Bouisseau, a former member of the executive committee, testified that firm chairman Steven Davis asked the committee to pay key partners for part of their 2008 earnings out of 2009 revenues, the New York Law Journal (sub. req.) and the Wall Street Journal (sub. req.) report. Compensation was deferred each successive year, creating a compensation “overhang” of $140 million in 2010, according to a memo provided to Boisseau by former chief financial officer Joel Sanders. The same year, Dewey raised $150 million in a private bond offering, the Wall Street Journal points out.

Davis, Sanders and former executive director Stephen DiCarmine are on trial for an alleged scheme to defraud lenders and bond buyers about the firm’s finances.

The problems had a direct impact on Boisseau. She testified that she asked Davis to return $621,000 in equity capital in a lump sum when she retired at the end of 2010, though the partner agreement allowed repayment over three years. Davis refused to pay the lump sum amount and advised Boisseau to borrow the money. Davis said the firm would repay the loan and the interest charges.

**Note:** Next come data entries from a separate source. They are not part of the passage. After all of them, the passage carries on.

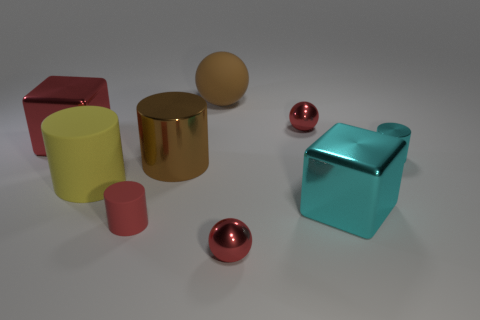Is the number of small metallic objects that are behind the yellow thing greater than the number of red cylinders? Indeed, the quantity of smaller metallic spheres located behind the sizable yellow cylinder surpasses the tally of red cylinders present, which are two in number. 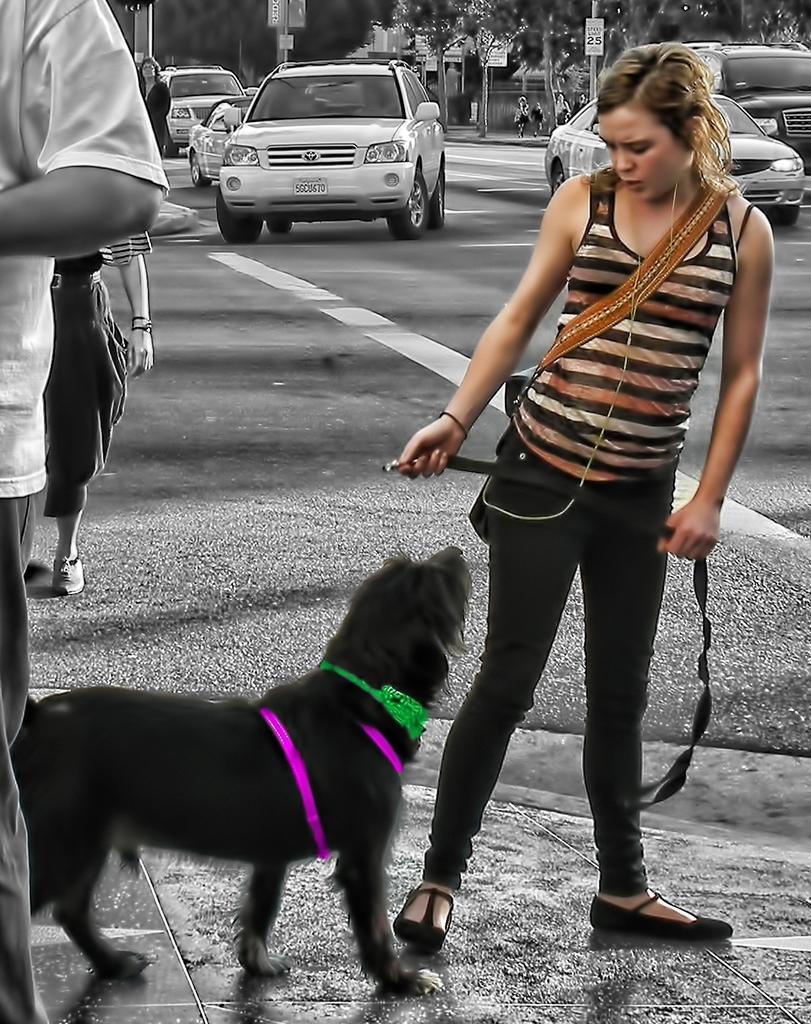Please provide a concise description of this image. In this picture we can see woman and in front of this woman we can see dog looking at her and in the background we can see car on road,trees, pole, sign board and some more persons. 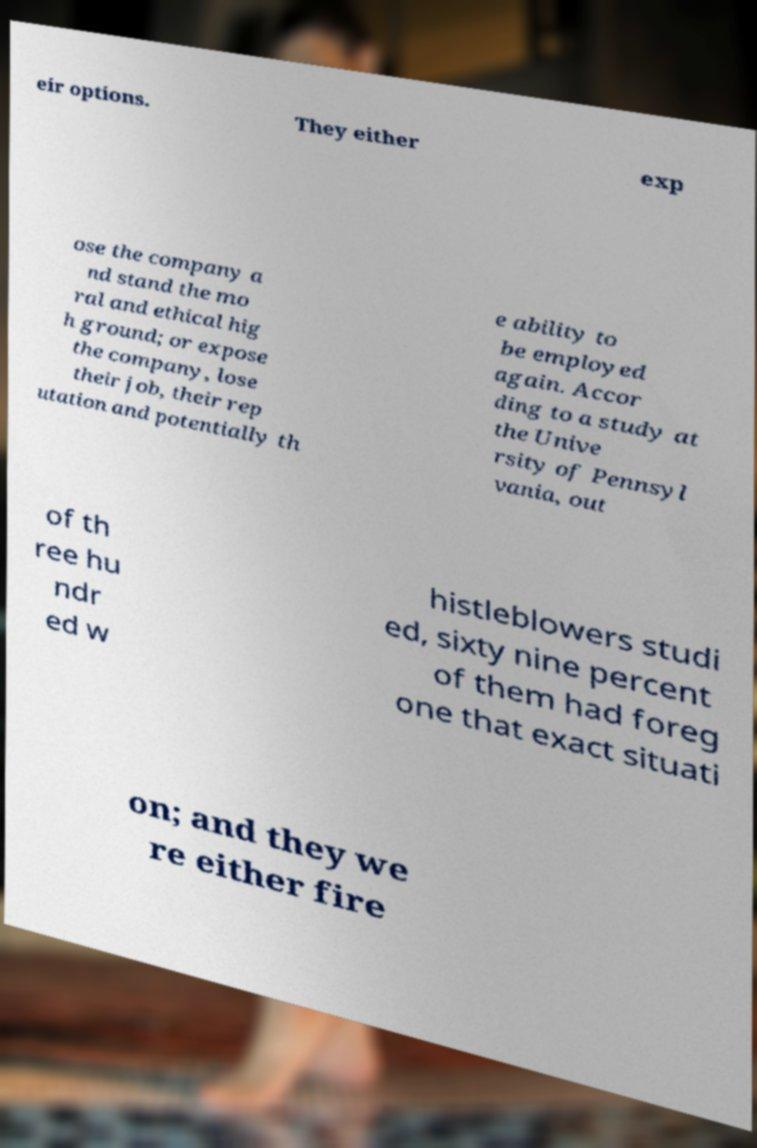Please read and relay the text visible in this image. What does it say? eir options. They either exp ose the company a nd stand the mo ral and ethical hig h ground; or expose the company, lose their job, their rep utation and potentially th e ability to be employed again. Accor ding to a study at the Unive rsity of Pennsyl vania, out of th ree hu ndr ed w histleblowers studi ed, sixty nine percent of them had foreg one that exact situati on; and they we re either fire

The firm never paid the bank, and Boisseau had to repay it herself. She took another hit when she learned that her 2010 income would be about $295,000, rather than a promised $1.35 million, because the firm had started counting the return of capital as capital income—even in her case, where the money came from a bank.

Manhattan Assistant District Attorney Peirce Moser noted that DiCarmine and Sanders didn’t suffer financially during that time period. They each earned more than $2 million per year between 2008 and 2011. The firm filed for bankruptcy in May 2012.

Related articles:

ABAJournal.com: “Defense in Dewey leaders’ trial blames disloyal partners who ‘picked up their marbles and ran’ ”

ABA Journal: “How Dewey management’s rosy picture masked an ugly truth”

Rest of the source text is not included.